Coordinator

Coordinator is NoKV’s control-plane service for distributed mode. It exposes a gRPC API (pb.Coordinator) and is started by:

go run ./cmd/nokv coordinator --addr 127.0.0.1:2379

1. Responsibilities

Coordinator currently owns:

Routing: GetRegionByKey
Heartbeats: StoreHeartbeat, RegionHeartbeat
Region removal: RemoveRegion
ID service: AllocID
TSO: Tso

Runtime clients (for example cmd/nokv-fsmeta) use Coordinator as the routing source of truth, but Coordinator is not the durable owner of cluster topology truth. Durable truth lives in meta/root.

2. Runtime Architecture

flowchart LR
    Store["nokv serve"] -->|"StoreHeartbeat / RegionHeartbeat"| Coordinator["Coordinator (gRPC)"]
    Gateway["nokv-fsmeta"] -->|"GetRegionByKey / Tso"| Coordinator
    Coordinator --> Cluster["coordinator/catalog.Cluster"]
    Cluster --> Scheduler["leader-transfer hint planner"]

Core implementation units:

coordinator/catalog: in-memory cluster metadata model.
coordinator/idalloc: monotonic ID allocator used by Coordinator.
coordinator/rootview: persistence abstraction (Store) backed by the metadata root.
coordinator/server: gRPC service + RPC validation/error mapping.
coordinator/client: client wrapper used by store/gateway.
coordinator/adapter: scheduler sink that forwards heartbeats into Coordinator.

For the next-stage protocol direction on both the control plane and the paired execution plane, see docs/control_and_execution_protocols.md.

Control-Plane Protocol Status

Coordinator now uses a minimal formal control-plane protocol v1 for its key route and transition surfaces.

Already in active use:

route-read Freshness
rooted token serving metadata
rooted lag exposure
DegradedMode
CatchUpState
TransitionID
publish-time lifecycle assessment on PublishRootEvent

This means Coordinator no longer exposes only best-effort implementation behavior. It now returns explicit protocol state that callers, tests, and docs can rely on.

The current protocol is intentionally minimal. It does not yet expose the full future runtime/operator model such as stalled transitions or richer catch-up actions.

Minimal Eunomia vocabulary

The rooted handoff protocol is intentionally small. Docs and operator-facing surfaces should use the same vocabulary as the implementation and the Eunomia research note:

Tenure — the currently active authority record
Legacy — the retired predecessor era plus the frontier it already consumed
Handover — the rooted handoff record for the current successor
Era — the monotonic authority era
Witness — the operator-visible proof bundle that explains whether the current handoff state is safe

The four guarantees discussed by the docs and runtime metrics are:

Primacy — at most one authority era is active
Inheritance — the successor must cover the predecessor’s published work
Silence — a sealed predecessor must not keep serving
Finality — a handoff must not remain permanently half-finished

The mapping to concrete implementation types is direct:

Doc term	Implementation term
`Tenure`	`Tenure`
`Legacy`	`Legacy`
`Handover`	`Handover`
`Era`	`Era` / `era`
`Witness`	`HandoverWitness` / continuation witness fields
`Frontiers`	`MandateFrontiers` / `frontiers` / `consumed_frontiers`

Do not reintroduce Lease / Seal as public aliases. They are useful informally, but keeping them in formal docs creates two names for the same rooted objects and makes Eunomia harder to explain.

3. Deployment Model

NoKV ships exactly one distributed topology plus the standalone engine shape.

`standalone`

no coordinator
no meta/root
no control-plane process
all truth remains inside the single storage process

This is the default local engine shape. Standalone is not a degraded control plane deployment; it simply has no control plane.
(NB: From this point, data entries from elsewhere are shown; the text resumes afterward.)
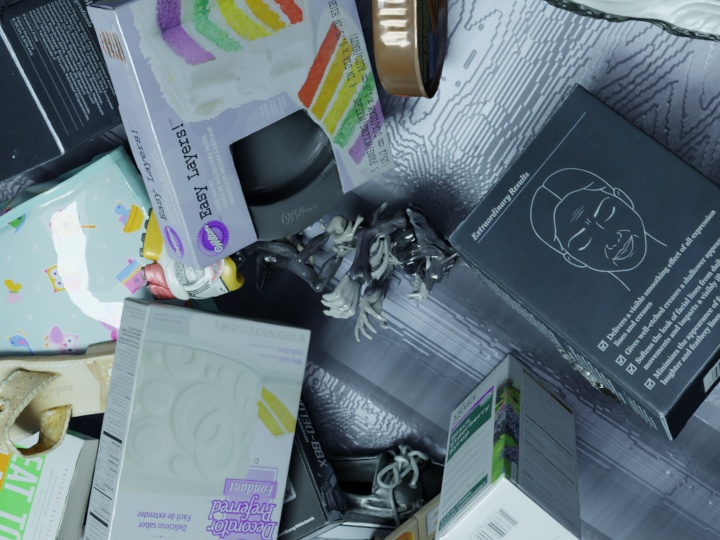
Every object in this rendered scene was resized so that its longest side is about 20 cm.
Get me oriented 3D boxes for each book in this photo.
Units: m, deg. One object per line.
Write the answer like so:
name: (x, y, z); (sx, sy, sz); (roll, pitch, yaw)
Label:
book: (-0.337, 0.187, 1.148); (0.197, 0.048, 0.136); (14, 89, 20)

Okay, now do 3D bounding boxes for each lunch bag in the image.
lunch bag: (-0.227, 0.005, 1.060); (0.198, 0.122, 0.172); (-23, 103, 24)

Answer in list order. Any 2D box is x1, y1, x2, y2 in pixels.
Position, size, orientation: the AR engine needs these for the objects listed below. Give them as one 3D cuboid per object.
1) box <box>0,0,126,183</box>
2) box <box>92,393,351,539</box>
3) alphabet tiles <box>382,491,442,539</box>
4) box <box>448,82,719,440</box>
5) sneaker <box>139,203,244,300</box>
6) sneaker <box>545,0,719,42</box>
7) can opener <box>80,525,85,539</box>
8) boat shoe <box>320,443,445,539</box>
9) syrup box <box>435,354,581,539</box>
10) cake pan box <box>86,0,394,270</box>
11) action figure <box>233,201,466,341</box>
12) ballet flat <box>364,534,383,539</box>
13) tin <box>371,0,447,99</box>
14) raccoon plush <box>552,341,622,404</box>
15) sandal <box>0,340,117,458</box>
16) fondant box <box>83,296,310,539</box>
box: (-0.238, -0.138, 0.948); (0.198, 0.182, 0.105); (-15, 108, 40)
box: (-0.122, 0.180, 1.100); (0.198, 0.050, 0.160); (-29, 73, 21)
alphabet tiles: (0.024, 0.268, 1.010); (0.008, 0.199, 0.169); (31, 142, 37)
box: (0.189, -0.005, 0.918); (0.200, 0.107, 0.149); (41, 90, 23)
sneaker: (-0.108, -0.069, 0.995); (0.081, 0.078, 0.203); (3, 69, 12)
sneaker: (0.200, -0.217, 0.931); (0.197, 0.074, 0.081); (10, 101, 1)
can opener: (-0.247, 0.276, 1.184); (0.198, 0.067, 0.054); (29, 113, 7)
boat shoe: (0.031, 0.184, 1.095); (0.196, 0.074, 0.069); (0, 124, 21)
syrup box: (0.116, 0.155, 0.999); (0.081, 0.200, 0.079); (40, 112, -10)
cake pan box: (-0.076, -0.123, 0.902); (0.183, 0.052, 0.203); (-27, 118, -25)
action figure: (0.000, 0.000, 1.008); (0.197, 0.119, 0.104); (3, 71, 23)
ballet flat: (0.017, 0.266, 1.085); (0.064, 0.200, 0.072); (16, 72, -4)
tin: (0.036, -0.226, 0.932); (0.041, 0.112, 0.203); (2, 109, 11)
raccoon plush: (0.197, 0.006, 0.996); (0.200, 0.097, 0.134); (42, 103, -5)
sandal: (-0.257, 0.112, 1.011); (0.208, 0.070, 0.078); (-15, 118, 12)
fondant box: (-0.125, 0.132, 0.993); (0.142, 0.058, 0.204); (10, 90, -32)

`separated meta-root + coordinator`

three independent nokv meta-root processes own durable rooted truth (replicated raft quorum, the only backend NoKV ships)
one or more nokv coordinator processes connect through the remote metadata-root gRPC API
Tenure gates singleton Coordinator duties: AllocID, Tso, and scheduler operation planning
route reads still come from Coordinator’s rebuildable in-memory view and expose Freshness, RootToken, CatchUpState, and DegradedMode

Keep the same logical split inside every deployment:

meta/root/*: durable rooted truth (replicated + gRPC service)
coordinator/view + coordinator/catalog: rebuildable routing/scheduling state
coordinator/rootview: remote view of meta-root consumed by coordinator/server
coordinator/server: gRPC API surface

Product assumptions:

exactly three meta-root replicas
meta-root is the only place durable rooted truth lives
coordinators are stateless relative to rooted truth; only the Tenure differentiates active vs standby
no dynamic metadata-root membership
no production-grade dynamic coordinator membership manager

4. Persistence (`--workdir`)

--workdir is required for every formal Coordinator deployment that hosts rooted truth.
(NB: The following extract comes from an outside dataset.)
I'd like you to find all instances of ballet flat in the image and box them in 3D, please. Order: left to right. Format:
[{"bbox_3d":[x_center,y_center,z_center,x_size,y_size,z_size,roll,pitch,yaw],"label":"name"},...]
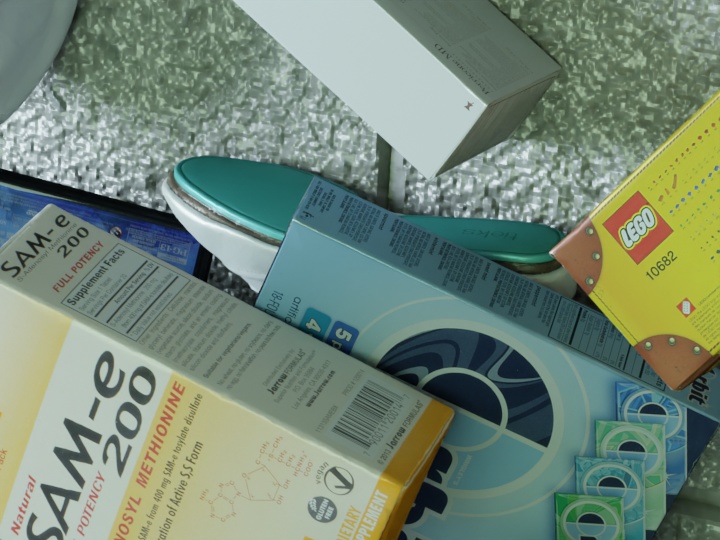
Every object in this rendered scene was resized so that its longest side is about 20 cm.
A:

`separated meta-root + coordinator`

Each meta-root process has its own rooted workdir and raft transport address. The coordinator process does not host rooted truth; it only connects to the remote root endpoints through --root-peer nodeID=grpc_addr.
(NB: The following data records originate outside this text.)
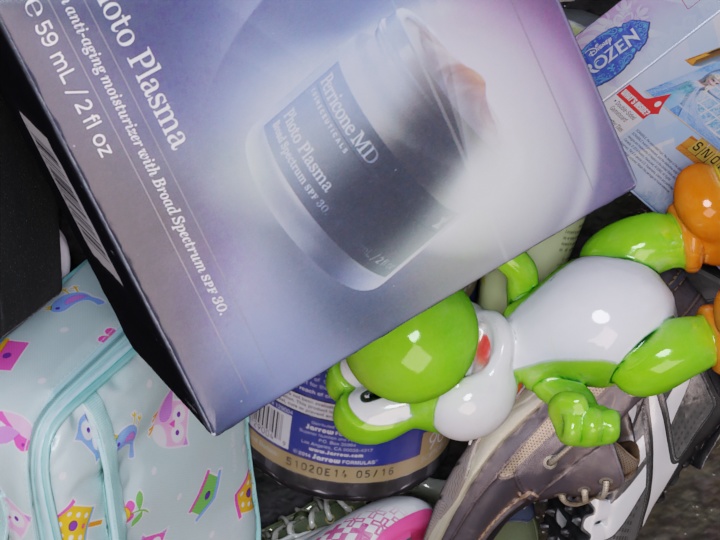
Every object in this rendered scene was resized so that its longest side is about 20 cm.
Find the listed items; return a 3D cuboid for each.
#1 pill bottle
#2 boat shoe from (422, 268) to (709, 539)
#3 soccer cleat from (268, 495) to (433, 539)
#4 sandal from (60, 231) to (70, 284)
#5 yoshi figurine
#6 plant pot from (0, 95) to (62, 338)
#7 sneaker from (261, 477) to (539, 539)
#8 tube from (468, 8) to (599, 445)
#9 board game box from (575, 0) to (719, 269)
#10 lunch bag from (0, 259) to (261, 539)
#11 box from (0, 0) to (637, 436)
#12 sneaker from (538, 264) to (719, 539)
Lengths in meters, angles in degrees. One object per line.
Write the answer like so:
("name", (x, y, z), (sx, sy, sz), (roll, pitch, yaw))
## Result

Each meta-root workdir persists two layers of state:

rooted truth state
- root.events.wal
- root.checkpoint.binpb
replicated protocol state
- root.raft.bin
- contains raft hard state, raft snapshot, and retained raft entries

Each meta-root node must have an isolated workdir. Workdirs are not shared.

Persistence ownership:

meta-root workdirs own durable rooted truth and replicated metadata-root raft state.
coordinator runtime view is rebuildable from remote meta/root.
allocator fences and Tenure are rooted events, not local coordinator files.

--coordinator-id must be a stable configured identity. It is used for lease ownership and operator debugging; it should not be generated randomly on each restart.

Rooted bootstrap flow

The Coordinator storage layer rebuilds its region snapshot and allocator checkpoints by replaying rooted truth:

region descriptor publish/tombstone events rebuild the route catalog
allocator fences rebuild:
- id_current
- ts_current

id_current and ts_current are durable allocator fences, not necessarily the last values served. With allocator window preallocation they may be ahead of the last returned ID or timestamp; restart recovery intentionally resumes after the fence and skips unused values.

Startup flow:

Open rooted coordinator/rootview against the 3 meta-root --root-peer endpoints.
Reconstruct a rooted Coordinator snapshot (regions + allocator fences).
Compute starts as max(cli_start, fence+1).
Materialize the rooted region snapshot into coordinator/catalog.Cluster.

Coordinator periodically refreshes rooted state via the meta-root tail stream and rebuilds the service-side view. This avoids allocator rollback and keeps all durable truth inside meta-root.

Region Truth Hierarchy

NoKV intentionally keeps three region views with different authority:

Coordinator region catalog: cluster routing truth. Clients and stores must treat Coordinator as the authoritative key-to-region source at the service boundary, but Coordinator rebuilds this view from rooted metadata truth plus heartbeats.
raftstore/localmeta local catalog: store-local recovery truth. It exists so one store can restart hosted peers and replay raft WAL checkpoints even if Coordinator is temporarily unavailable.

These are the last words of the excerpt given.